The very last line is where things are breaking down for you and Gradio. @beartype currently prefers the standard return idiom of return __beartype_pith_0. For a function to be a generator function, however, that very last line instead needs to resemble:

(line 0046)     yield __beartype_pith_0

So, yield instead of return. And... we're all exhausted. :weary:

pablovela5620 commented 3 weeks ago

This was really helpful! Thank you for giving me a deeper understanding as to why things aren't working as expected. It sounds like for now I'll need to wait for beartype to use yield __beartype_pith_0 instead of return __beartype_pith_0 and continue just hacking the function input types if I want to use beartype with Gradio. Thank you again for the in-depth explanation, many wouldn't bother giving the full context

leycec commented 3 weeks ago

Thanks for being so understanding, @pablovela5620. I love chatting about the deep magical internals of typing, @beartype, and Python. I'd also like to add at this critical juncture that you have such a fascinating GitHub avatar. Computer vision looks so fun! :smile:

Oh – and I have yet another workaround for you. If you'd like, this is probably the least hacky approach. Lightly refactor your public yield_message_fails() generator function (which is not type-checked) to yield from a private _yield_message_fails() generator function (which is type-checked). I've verified on my end that this behaves as expected for you:

import gradio as gr
import time
from beartype import beartype
from typing import Generator

def yield_message_succeeds(message):
    final_message = ""
    for char in message:
        time.sleep(0.2)
        final_message += char
        yield final_message

def yield_message_fails(message):  # <-- intentionally unannotated, because gradio hates @beartype
    yield from _yield_message_fails(message)  # <-- magic happens

@beartype  # <-- this is the real deal. too bad gradio hates @beartype, huh? :o
def _yield_message_fails(message: str) -> Generator[str, None, None]:
    final_mesage = ""
    for char in message:
        time.sleep(1)
        final_mesage += char
        yield final_mesage

with gr.Blocks() as demo:
    message = gr.Textbox(label="Message", value="This is a yield test!")
    output = gr.Textbox(label="Output")
    output_failed = gr.Textbox(label="Output Failed")
    with gr.Row():
        btn_succeeds = gr.Button(value="Succeeds")
        btn_fails = gr.Button(value="Fails")
    btn_succeeds.click(fn=yield_message_succeeds, inputs=[message], outputs=[output])
    btn_fails.click(fn=yield_message_fails, inputs=[message], outputs=[output_failed])

demo.launch()

That... looks good to me! There's no hackiness there, really. Just a bit of boilerplate for which I apologize. I'm so sorry you had to endure this madness. I'm also committed to resolving this for you and all the other awesome Gradio users in early September.
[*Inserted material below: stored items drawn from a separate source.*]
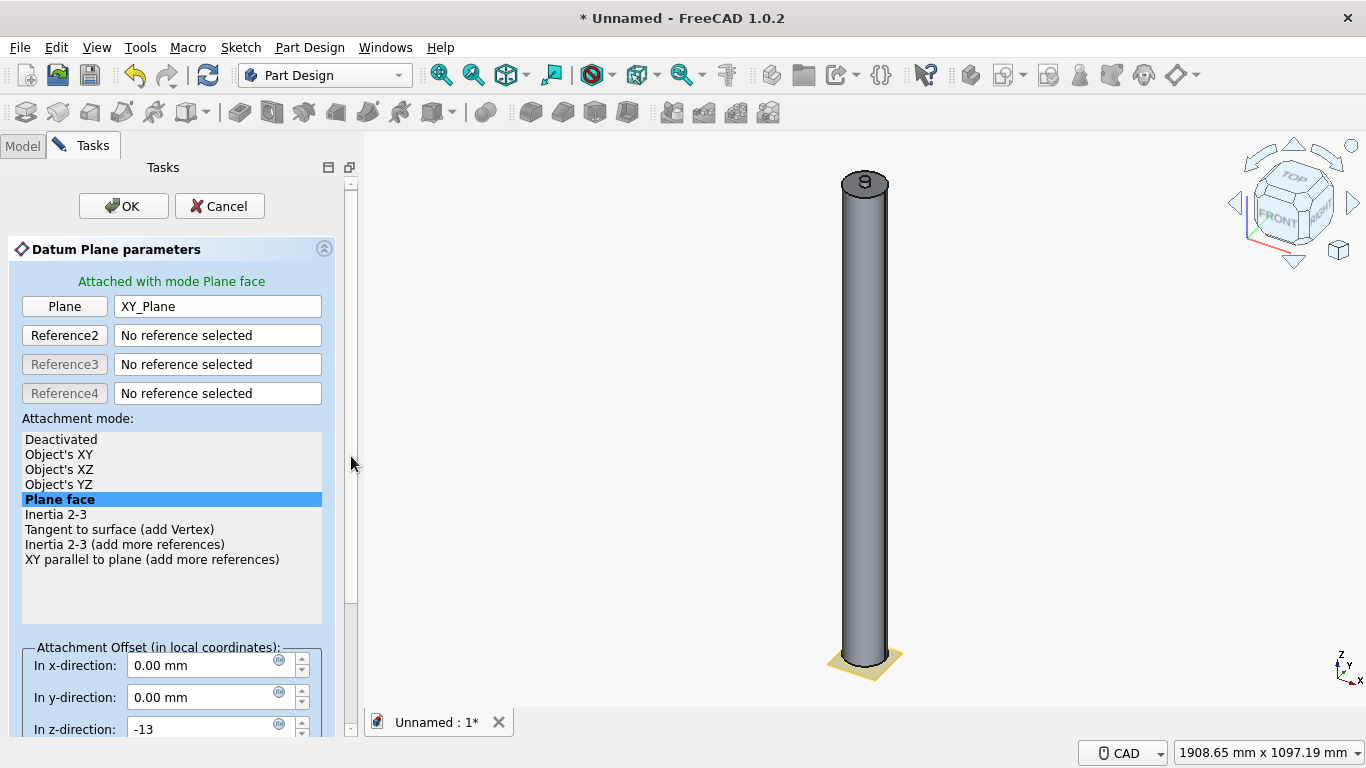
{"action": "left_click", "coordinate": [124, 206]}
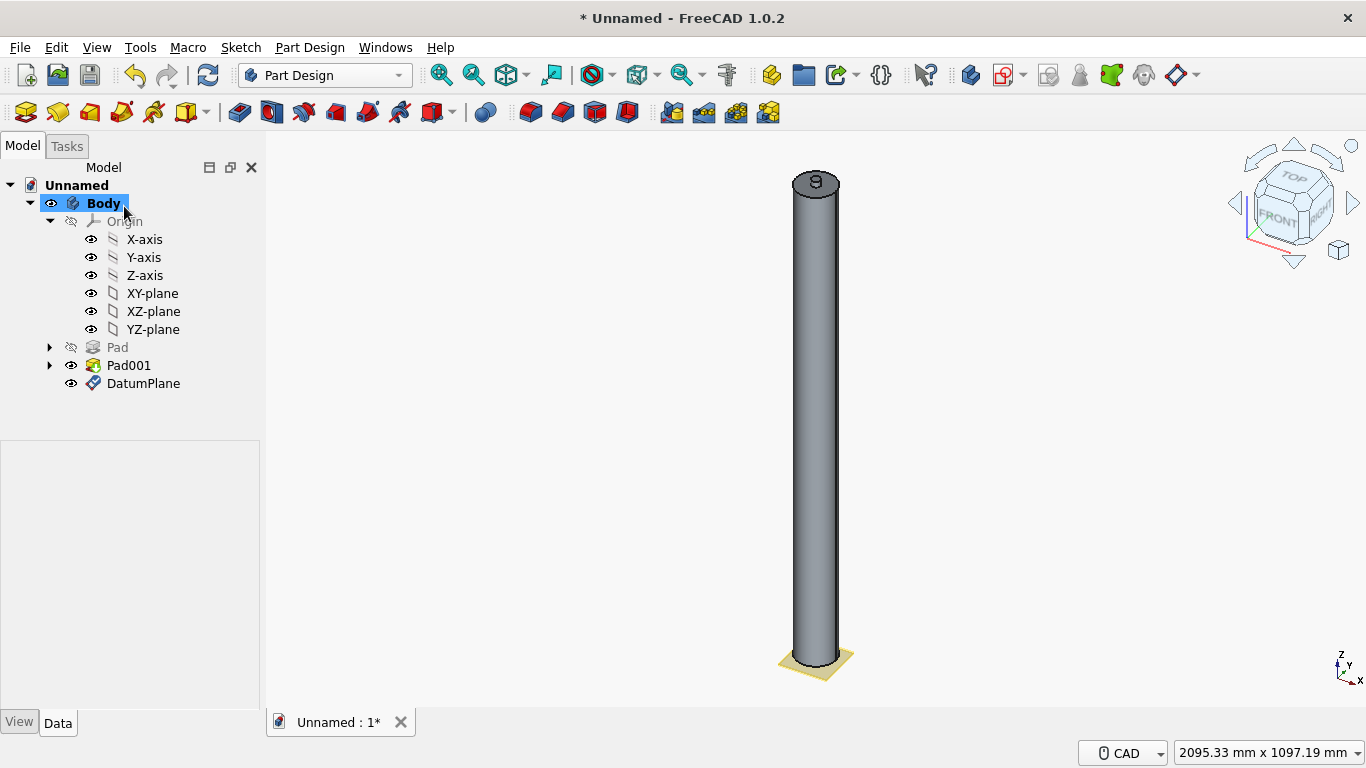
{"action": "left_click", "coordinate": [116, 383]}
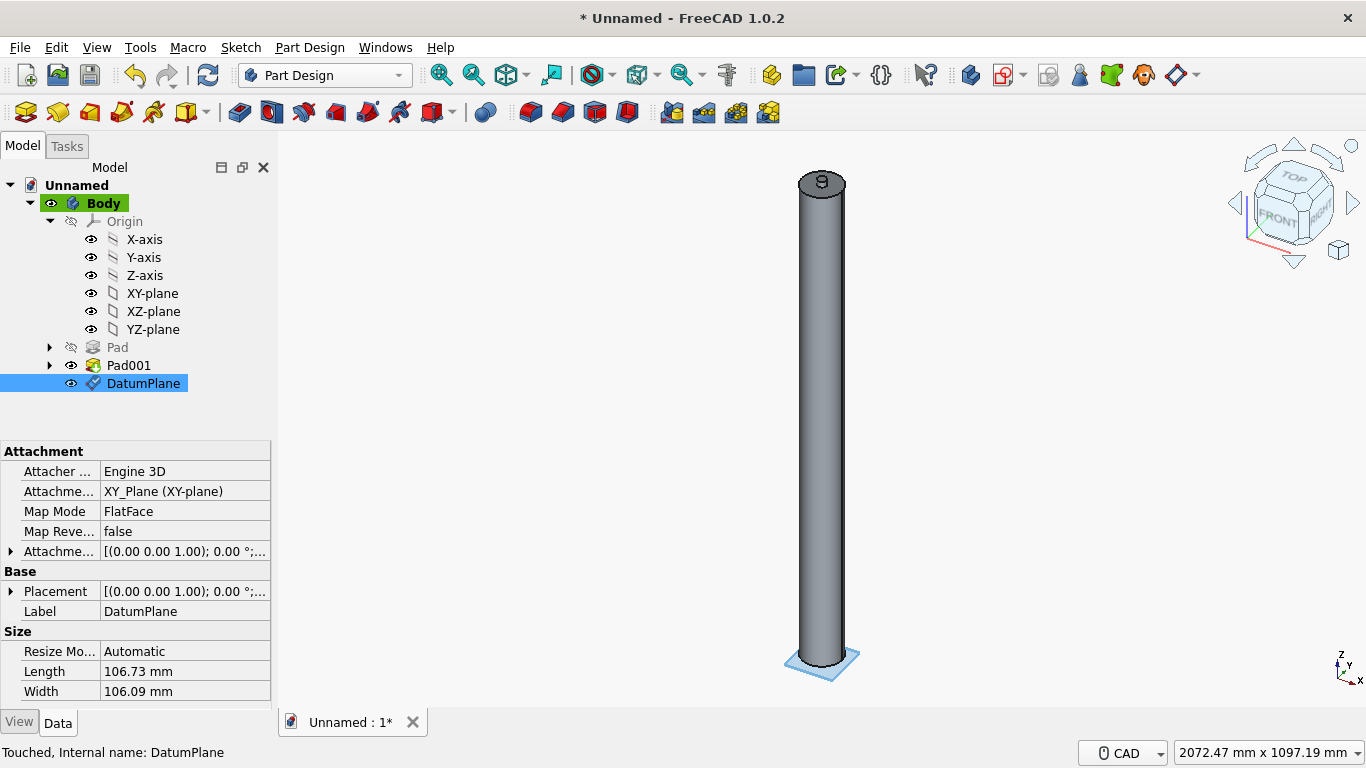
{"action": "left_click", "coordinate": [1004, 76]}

@beartype personally thanks you for this fascinating issue. Go go, Computer Vision! :eyeglasses: :robot: :eyeglasses:

pablovela5620 commented 3 weeks ago

This worked perfectly! Much better than the hack I was using. A little bit of extra boilerplate never hurt anyone, thank you for the help. The combination of beartype + jaxtyping has helped me destroy so many silly bugs I used to have, your efforts on this library are very much appreciated!

leycec commented 2 weeks ago

Awww! Thanks so much for those super-kind words. You're wonderful. I'm delighted to be of service in your eternal quest to destroy all the bugs. I too share this impossible dream. :smile_cat:

ML and data science is sure rough stuff, huh? @beartype and jaxtyping are here to smooth out the bumps on your life's journey. You will give AI a pair of eyeballs. I know it! You got this.